The condo unit owner is typically responsible for the following:
- The purchase
- Fees including HOA’s (home owner’s association fees will typically include security features and upkeep to the outside of the building, such as weatherproofing a unit along the oceanic coast)
The rental agency is generally responsible for the following:
- Daily hotel amenities including maintenance and housekeeping
- Marketing expenses
- The cost of running a customer service desk in the lobby of the condotel building
- Bookkeeping, operational, and administrative expenses
Other expenses are negotiable, including furnishing the unit and major repairs. It is common for a reserve to be kept between both parties to cover significant expenses that arise.
The revenue generated by the rental unit is usually split 50/50 between owner and agency, though this is negotiable depending on various factors surrounding the agreement. Typically, the more favorable the split, the more financial responsibility you have toward upkeep.
What Is a Condotel Investment?
When considering an investment in a condotel, you’re pursuing the opportunity to make money over time through the short-term rental of your unit.
Does a condotel make a good investment? The consensus is that they are more of a lifestyle investment. They should be viewed as a vacation home or second home due to the fluctuating real estate and vacation market. If the economy takes a downturn, a condotel might suffer in bookings and revenue. Also, consider costs like association fees when looking at this as an investment.
How Much Rental Income Can Be Made?
Developers and rental brands will not always guarantee owners their units will be rented out when not in use. If they do make a guarantee it is for a short period of time such as two to five years. There is one condo-hotel in the UK that guarantees a 10% return for 15 years.
However, several factors can increase the likelihood of making rental income off your unit.
- Desirable travel destination
- Solid amenities package
- Good management of the unit
- Revenue split agreement
- Competition in the area
Recent revenue reports for condotel units in Hawaii showed an annual net cash flow of roughly $10,000 for a studio, and close to $30,000 for a 1-bedroom. However, other units experienced a negative cash flow. Purchasing a condotel with a branded company like the Four Seasons rather than an unknown rental company can help to increase occupancy.
Making revenue by renting out the unit is typically considered a bonus to owning a second home. Bonuses are a good thing…grab bonus points by applying for one of the best travel credit cards (Marriott Credit Card by Chase), transfer to airline mileage and book a trip!
What Is a Condotel Loan?
As the popularity of the condotel has skyrocketed, they’ve become increasingly accepted. It is easier than ever to secure financing for these units, and they function as any other vacation home—though usually with added amenities.
These loan options are fashioned to work with the slightly higher risk associated with condotels. This means they carry higher interest rates and down payment requirements than your average mortgage.
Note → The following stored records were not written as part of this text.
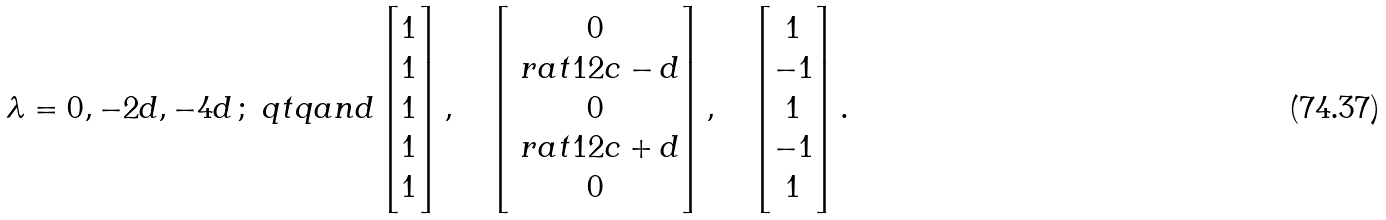<formula> <loc_0><loc_0><loc_500><loc_500>\lambda = 0 , - 2 d , - 4 d \, ; \ q t q { a n d } \begin{bmatrix} 1 \\ 1 \\ 1 \\ 1 \\ 1 \end{bmatrix} , \quad \begin{bmatrix} 0 \\ \ r a t 1 2 c - d \\ 0 \\ \ r a t 1 2 c + d \\ 0 \end{bmatrix} , \quad \begin{bmatrix} 1 \\ - 1 \\ 1 \\ - 1 \\ 1 \end{bmatrix} .</formula> 
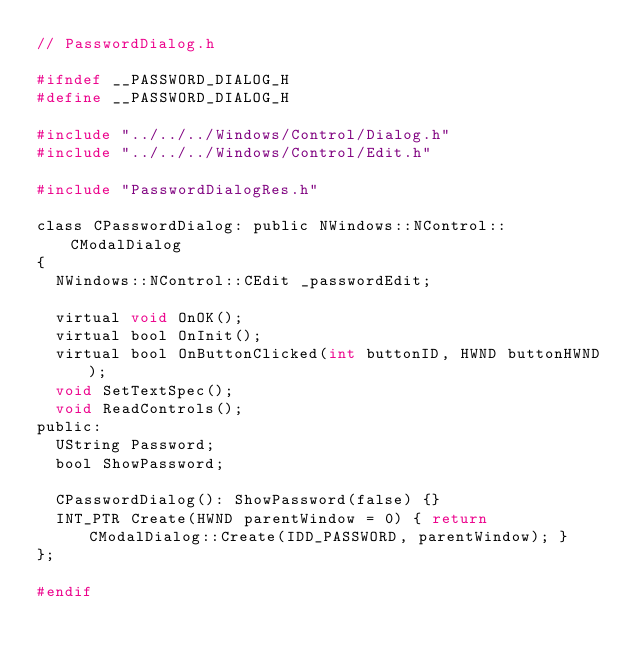<code> <loc_0><loc_0><loc_500><loc_500><_C_>// PasswordDialog.h

#ifndef __PASSWORD_DIALOG_H
#define __PASSWORD_DIALOG_H

#include "../../../Windows/Control/Dialog.h"
#include "../../../Windows/Control/Edit.h"

#include "PasswordDialogRes.h"

class CPasswordDialog: public NWindows::NControl::CModalDialog
{
  NWindows::NControl::CEdit _passwordEdit;

  virtual void OnOK();
  virtual bool OnInit();
  virtual bool OnButtonClicked(int buttonID, HWND buttonHWND);
  void SetTextSpec();
  void ReadControls();
public:
  UString Password;
  bool ShowPassword;
  
  CPasswordDialog(): ShowPassword(false) {}
  INT_PTR Create(HWND parentWindow = 0) { return CModalDialog::Create(IDD_PASSWORD, parentWindow); }
};

#endif
</code> 
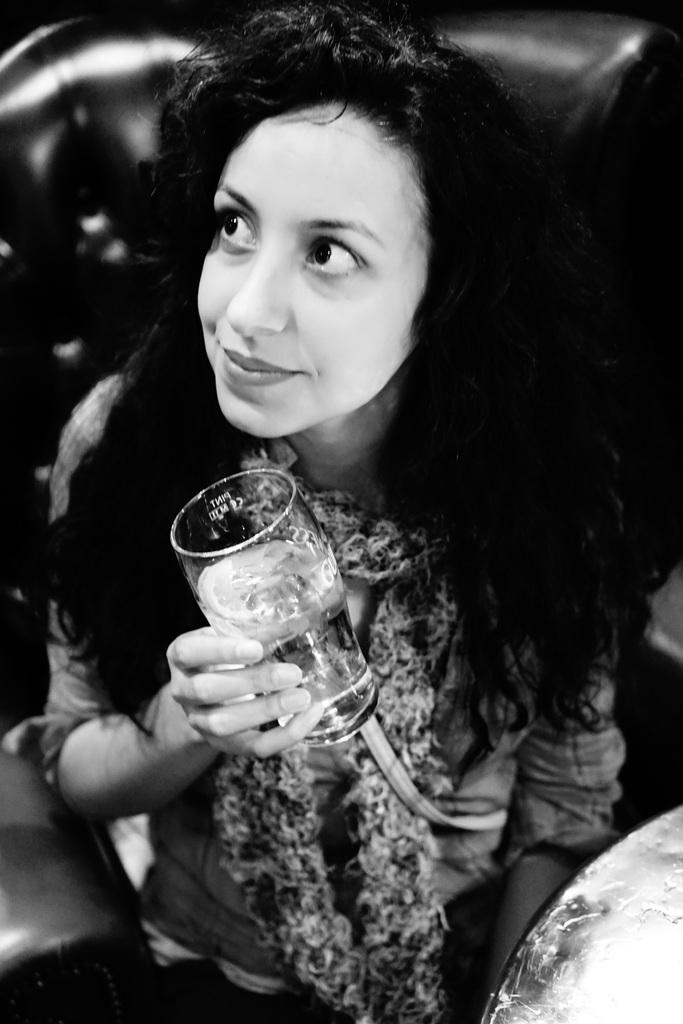Who is present in the image? There is a woman in the image. What is the woman doing in the image? The woman is sitting on a chair. What object is the woman holding in the image? The woman is holding a glass. What type of flag is visible in the image? There is no flag present in the image. What type of laborer is shown working in the image? There is no laborer present in the image; it only features a woman sitting on a chair and holding a glass. 
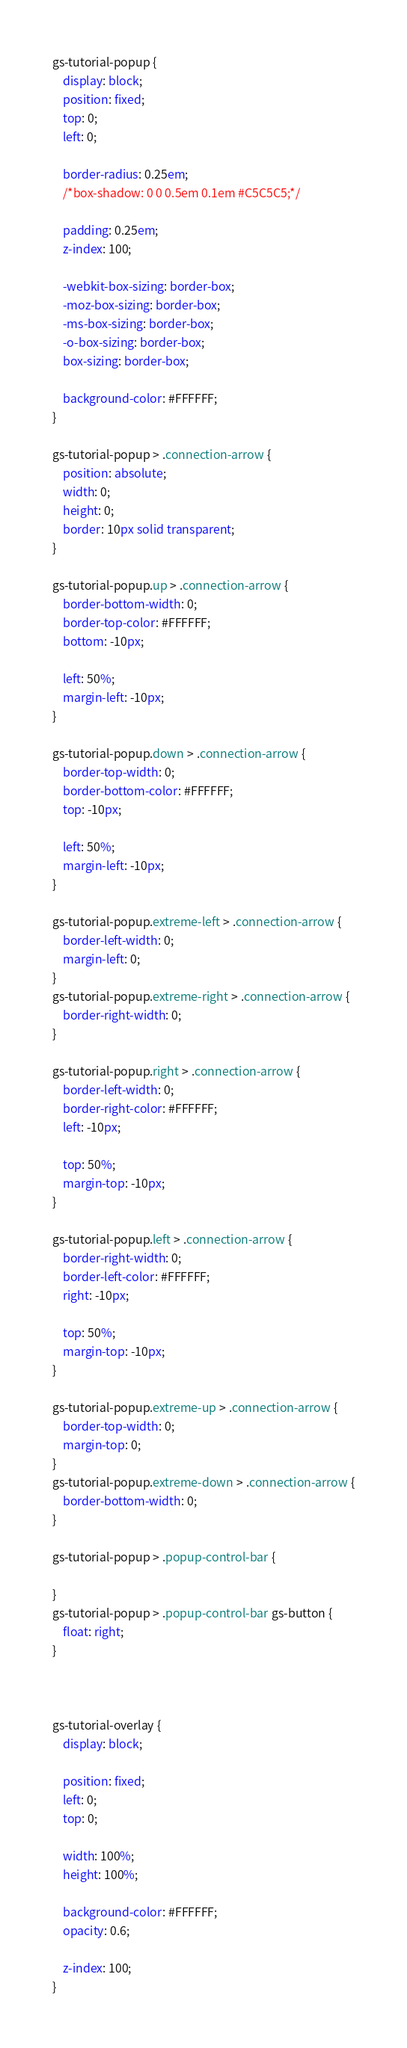Convert code to text. <code><loc_0><loc_0><loc_500><loc_500><_CSS_>

gs-tutorial-popup {
    display: block;
    position: fixed;
    top: 0;
    left: 0;
    
    border-radius: 0.25em;
    /*box-shadow: 0 0 0.5em 0.1em #C5C5C5;*/
    
    padding: 0.25em;
    z-index: 100;
    
    -webkit-box-sizing: border-box;
    -moz-box-sizing: border-box;
    -ms-box-sizing: border-box;
    -o-box-sizing: border-box;
    box-sizing: border-box;
    
    background-color: #FFFFFF;
}

gs-tutorial-popup > .connection-arrow {
    position: absolute;
	width: 0;
	height: 0;
	border: 10px solid transparent;
}

gs-tutorial-popup.up > .connection-arrow {
	border-bottom-width: 0;
	border-top-color: #FFFFFF;
	bottom: -10px;
    
    left: 50%;
    margin-left: -10px;
}

gs-tutorial-popup.down > .connection-arrow {
	border-top-width: 0;
	border-bottom-color: #FFFFFF;
    top: -10px;
	
    left: 50%;
    margin-left: -10px;
}

gs-tutorial-popup.extreme-left > .connection-arrow {
	border-left-width: 0;
    margin-left: 0;
}
gs-tutorial-popup.extreme-right > .connection-arrow {
	border-right-width: 0;
}

gs-tutorial-popup.right > .connection-arrow {
	border-left-width: 0;
	border-right-color: #FFFFFF;
    left: -10px;
    
    top: 50%;
    margin-top: -10px;
}

gs-tutorial-popup.left > .connection-arrow {
	border-right-width: 0;
	border-left-color: #FFFFFF;
    right: -10px;
    
    top: 50%;
    margin-top: -10px;
}

gs-tutorial-popup.extreme-up > .connection-arrow {
	border-top-width: 0;
    margin-top: 0;
}
gs-tutorial-popup.extreme-down > .connection-arrow {
	border-bottom-width: 0;
}

gs-tutorial-popup > .popup-control-bar {
    
}
gs-tutorial-popup > .popup-control-bar gs-button {
	float: right;
}



gs-tutorial-overlay {
    display: block;
    
    position: fixed;
    left: 0;
    top: 0;
    
    width: 100%;
    height: 100%;
    
    background-color: #FFFFFF;
    opacity: 0.6;
    
    z-index: 100;
}</code> 
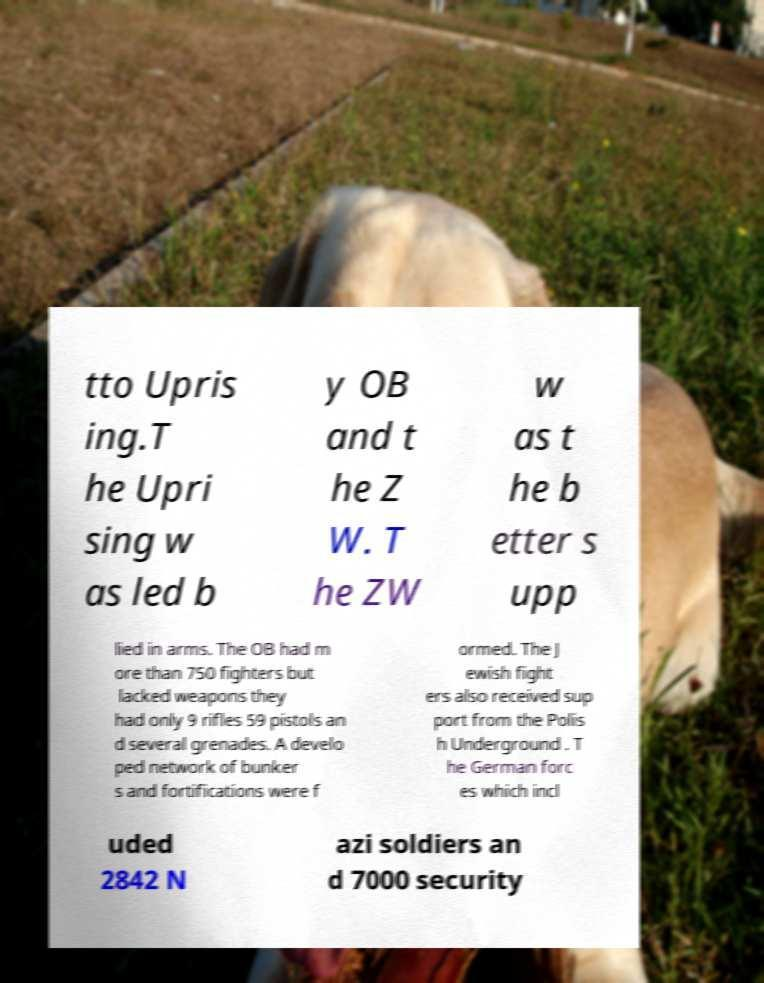What messages or text are displayed in this image? I need them in a readable, typed format. tto Upris ing.T he Upri sing w as led b y OB and t he Z W. T he ZW w as t he b etter s upp lied in arms. The OB had m ore than 750 fighters but lacked weapons they had only 9 rifles 59 pistols an d several grenades. A develo ped network of bunker s and fortifications were f ormed. The J ewish fight ers also received sup port from the Polis h Underground . T he German forc es which incl uded 2842 N azi soldiers an d 7000 security 
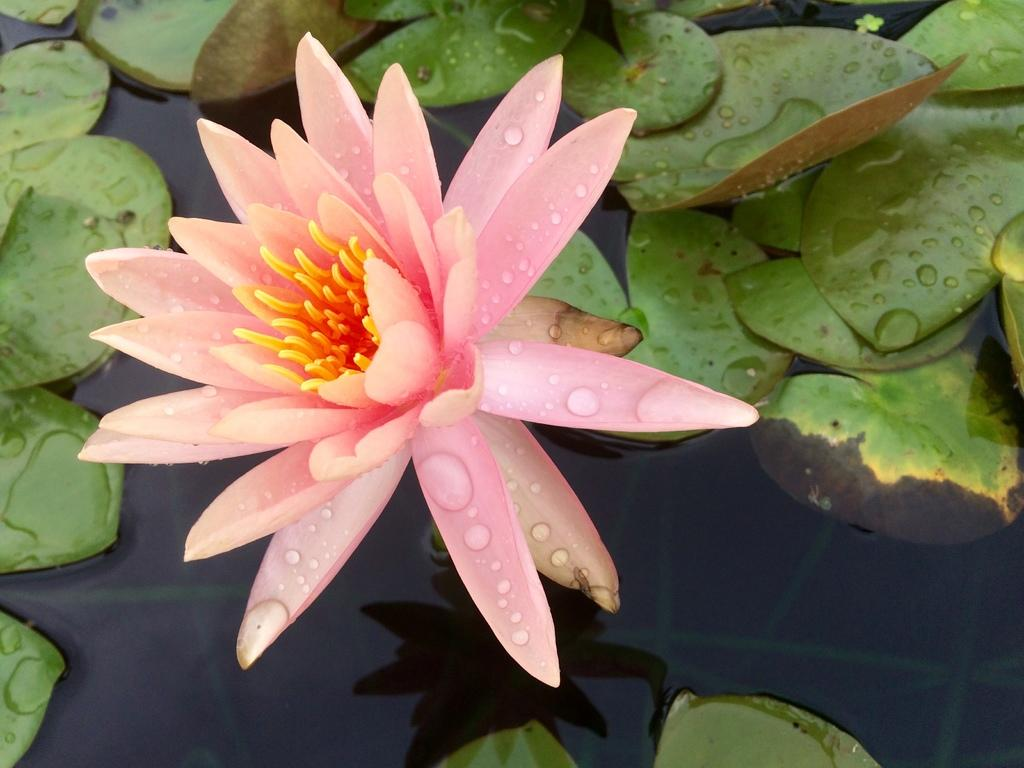What is the primary element visible in the image? There is water in the image. What type of plant material can be seen in the image? There are leaves in the image. What color is the flower in the image? There is a pink-colored flower in the image. What type of music can be heard playing in the background of the image? There is no music present in the image, as it is a still image and does not have any audible elements. 
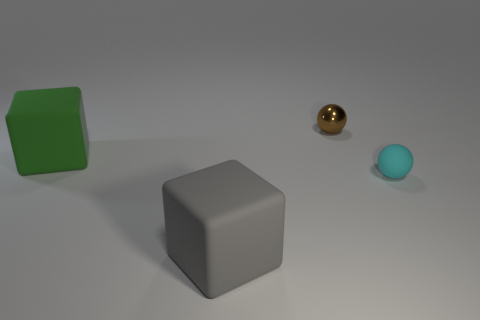Do the matte cube that is to the left of the gray rubber object and the brown object have the same size?
Make the answer very short. No. Is there a object that has the same color as the tiny rubber sphere?
Your answer should be compact. No. Are there any gray rubber objects that are behind the object on the right side of the tiny brown shiny sphere?
Offer a terse response. No. Is there a large gray thing that has the same material as the tiny cyan sphere?
Provide a succinct answer. Yes. What material is the cube behind the large thing on the right side of the large green cube?
Keep it short and to the point. Rubber. The thing that is in front of the green object and to the right of the big gray block is made of what material?
Make the answer very short. Rubber. Is the number of tiny cyan balls in front of the cyan matte thing the same as the number of shiny things?
Ensure brevity in your answer.  No. How many other objects are the same shape as the shiny object?
Give a very brief answer. 1. There is a ball to the left of the small cyan thing that is in front of the sphere that is left of the small cyan rubber thing; how big is it?
Provide a succinct answer. Small. Does the block on the right side of the big green matte block have the same material as the small brown object?
Provide a short and direct response. No.

However, they are often flexible and work with fixed or adjustable rates, and foreign buyers are welcome.
Condotels are a fast-growing vacation home market, and most units sell out before the construction of the building is even completed. These units tend to start off at their best price and availability in the pre-construction phase and the price increases quickly as they near the sellout point. Unit prices can range anywhere along the financial spectrum depending on location and amenities offered.
Condotels are an excellent solution for people who want to own a condo in a resort area but don’t want to leave the unit vacant when they aren’t using it. They are also an excellent solution for owners who don’t want to deal with the hassle of renting the unit themselves.
But do your homework and consider using a broker who specializes in condotels before buying one. A broker can make the difference between making an investment that is problematic and one that you can enjoy, generate rental revenue from and sell for a profit.